=== Begin Enclosure ===
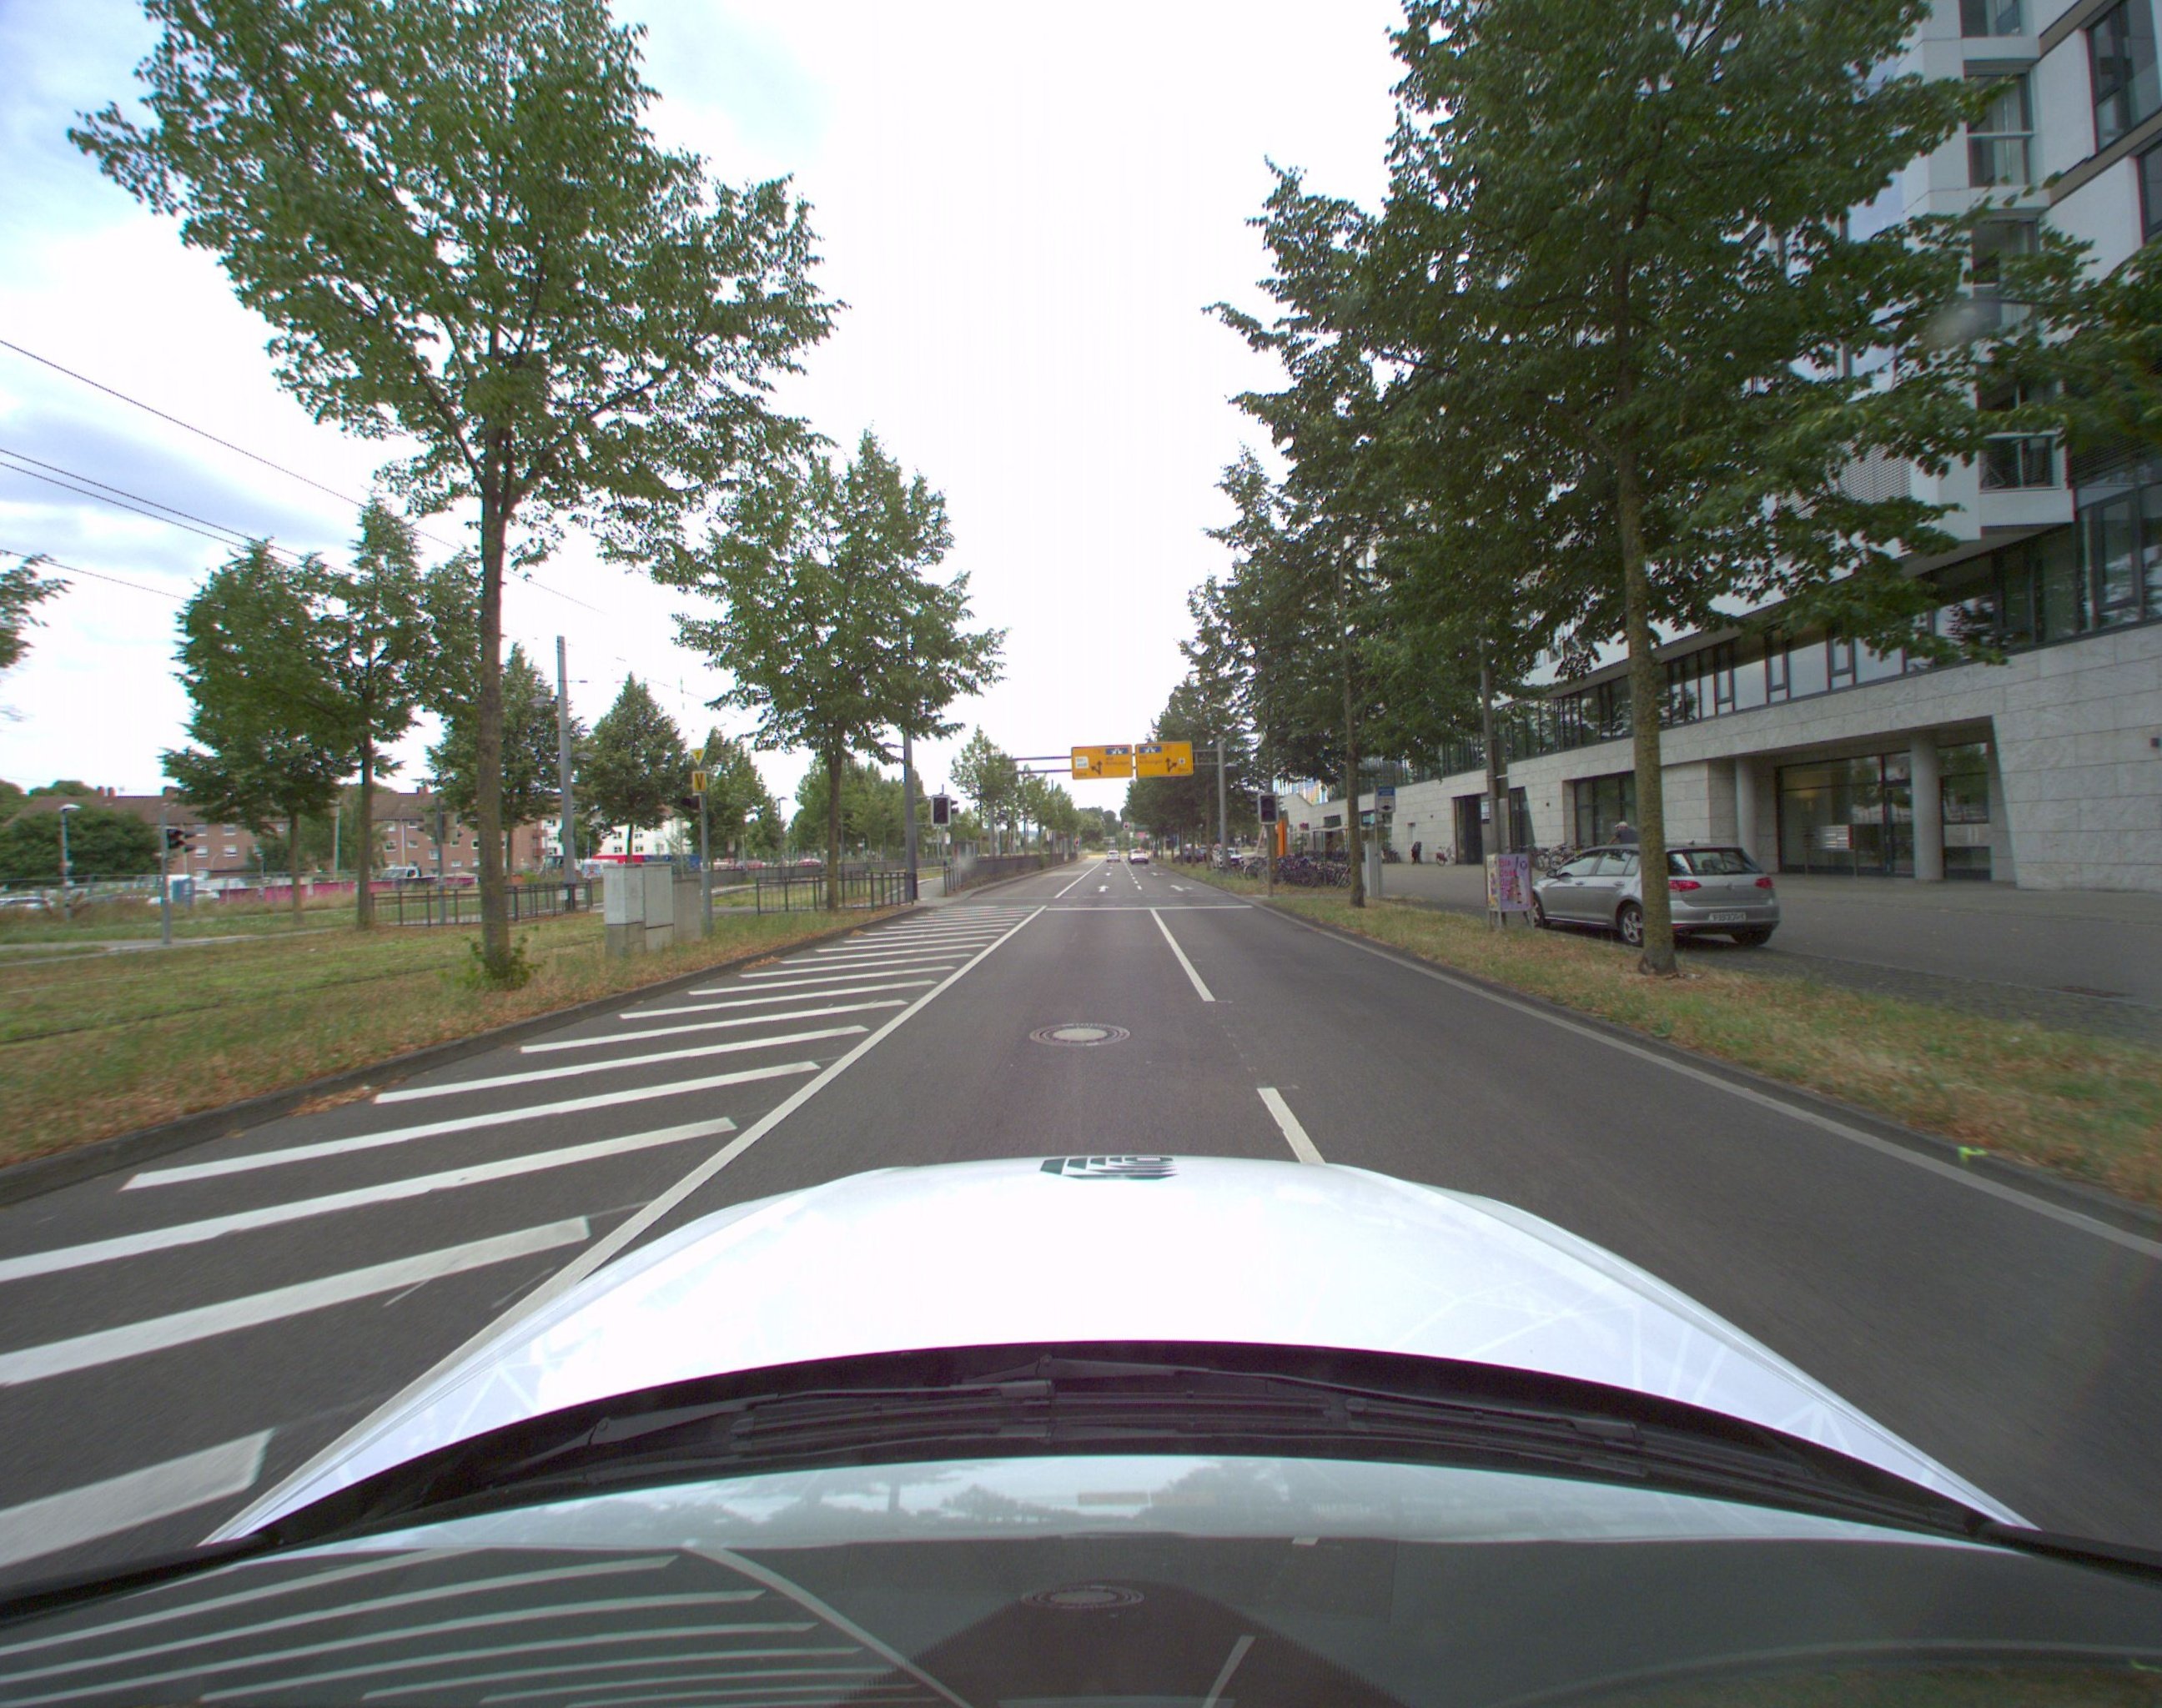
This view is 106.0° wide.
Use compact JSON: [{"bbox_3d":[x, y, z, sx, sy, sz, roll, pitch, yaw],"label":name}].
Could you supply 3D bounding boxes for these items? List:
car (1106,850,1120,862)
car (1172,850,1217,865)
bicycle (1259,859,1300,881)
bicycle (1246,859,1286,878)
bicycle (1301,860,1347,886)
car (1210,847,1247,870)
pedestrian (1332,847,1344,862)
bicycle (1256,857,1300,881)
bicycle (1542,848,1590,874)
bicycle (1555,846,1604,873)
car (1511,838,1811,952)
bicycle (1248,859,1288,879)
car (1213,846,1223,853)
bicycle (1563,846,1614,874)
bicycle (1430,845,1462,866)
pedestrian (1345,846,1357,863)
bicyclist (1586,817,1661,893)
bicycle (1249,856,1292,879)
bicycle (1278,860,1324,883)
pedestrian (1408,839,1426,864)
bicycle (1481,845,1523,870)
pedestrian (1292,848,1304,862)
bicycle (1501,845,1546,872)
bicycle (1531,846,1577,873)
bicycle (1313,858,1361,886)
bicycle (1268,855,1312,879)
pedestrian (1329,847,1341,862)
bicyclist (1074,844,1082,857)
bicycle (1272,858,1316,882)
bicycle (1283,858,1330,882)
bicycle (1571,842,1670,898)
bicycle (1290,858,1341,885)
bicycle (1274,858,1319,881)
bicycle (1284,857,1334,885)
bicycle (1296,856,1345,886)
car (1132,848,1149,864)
[{"bbox_3d":[4.204,0.273,107.632,1.767,1.448,3.911,-2,0,1],"label":"car"},{"bbox_3d":[11.768,0.401,84.749,1.954,1.475,4.821,-2,0,-32],"label":"car"},{"bbox_3d":[9.117,0.733,37.424,1.741,0.974,0.608,1,0,-7],"label":"bicycle"},{"bbox_3d":[9.436,0.732,41.568,1.855,0.951,0.652,1,0,-1],"label":"bicycle"},{"bbox_3d":[8.830,0.684,29.573,1.524,0.953,0.484,0,0,-1],"label":"bicycle"},{"bbox_3d":[10.619,0.290,58.818,1.931,1.552,4.595,-2,0,2],"label":"car"},{"bbox_3d":[20.623,0.023,65.318,0.715,1.192,0.760,-2,0,4],"label":"pedestrian"},{"bbox_3d":[9.202,0.692,38.068,1.927,1.065,0.542,1,0,-7],"label":"bicycle"},{"bbox_3d":[18.814,0.265,31.572,1.524,0.953,0.533,-2,0,-1],"label":"bicycle"},{"bbox_3d":[18.807,0.215,30.747,1.524,0.953,0.533,-2,0,-1],"label":"bicycle"},{"bbox_3d":[8.533,0.519,12.527,1.753,1.421,4.185,-2,0,2],"label":"car"},{"bbox_3d":[9.371,0.727,40.828,1.855,0.951,0.612,1,0,-1],"label":"bicycle"},{"bbox_3d":[31.261,-1.003,185.662,1.771,1.636,4.417,-2,0,12],"label":"car"},{"bbox_3d":[18.771,0.212,30.142,1.524,0.953,0.533,-2,0,-1],"label":"bicycle"},{"bbox_3d":[19.512,0.091,43.524,1.605,1.026,0.605,-3,0,-25],"label":"bicycle"},{"bbox_3d":[19.412,0.034,58.507,0.766,1.192,1.111,-2,0,17],"label":"pedestrian"},{"bbox_3d":[13.356,0.020,20.084,0.993,1.737,1.129,-5,0,1],"label":"bicyclist"},{"bbox_3d":[9.330,0.671,40.136,1.924,1.065,0.705,1,0,-1],"label":"bicycle"},{"bbox_3d":[8.964,0.705,33.173,1.712,0.906,0.587,1,0,-7],"label":"bicycle"},{"bbox_3d":[19.575,-0.151,47.433,0.752,1.407,0.723,-2,0,9],"label":"pedestrian"},{"bbox_3d":[18.698,0.173,36.183,1.593,1.026,0.533,-3,0,-1],"label":"bicycle"},{"bbox_3d":[19.965,0.058,75.006,0.893,1.228,0.952,-2,0,7],"label":"pedestrian"},{"bbox_3d":[18.652,0.179,34.338,1.593,1.026,0.533,-3,0,-1],"label":"bicycle"},{"bbox_3d":[18.884,0.212,32.512,1.524,1.026,0.533,-2,0,-1],"label":"bicycle"},{"bbox_3d":[9.057,0.628,28.795,1.524,0.953,0.552,0,0,-1],"label":"bicycle"},{"bbox_3d":[9.014,0.549,35.118,1.741,0.974,0.608,1,0,-7],"label":"bicycle"},{"bbox_3d":[20.672,0.028,66.168,0.716,1.192,0.759,-2,0,1],"label":"pedestrian"},{"bbox_3d":[-0.476,-0.561,122.250,0.738,1.885,0.722,-4,1,-39],"label":"bicyclist"},{"bbox_3d":[9.018,0.688,34.467,1.712,0.974,0.608,1,0,-7],"label":"bicycle"},{"bbox_3d":[9.020,0.645,32.557,1.712,0.906,0.587,1,0,-7],"label":"bicycle"},{"bbox_3d":[13.375,0.380,20.292,0.899,1.235,2.269,-5,0,1],"label":"bicycle"},{"bbox_3d":[8.959,0.679,31.137,1.770,1.012,0.609,0,0,-7],"label":"bicycle"},{"bbox_3d":[8.927,0.637,33.809,1.712,0.906,0.587,1,0,-7],"label":"bicycle"},{"bbox_3d":[8.897,0.661,31.832,1.770,1.012,0.609,1,0,-7],"label":"bicycle"},{"bbox_3d":[8.917,0.619,30.308,1.663,1.090,0.525,0,0,-1],"label":"bicycle"},{"bbox_3d":[6.436,0.171,88.336,1.771,1.656,4.026,-2,0,3],"label":"car"}]
=== End Enclosure ===
▶ Task item
Find where the line with "bicycle (1290,858,1341,885)" sits in the material above, then copy exactly from it through the line with "bicycle (1296,856,1345,886)". Add no other line.

▶ Worked solution
bicycle (1290,858,1341,885)
bicycle (1274,858,1319,881)
bicycle (1284,857,1334,885)
bicycle (1296,856,1345,886)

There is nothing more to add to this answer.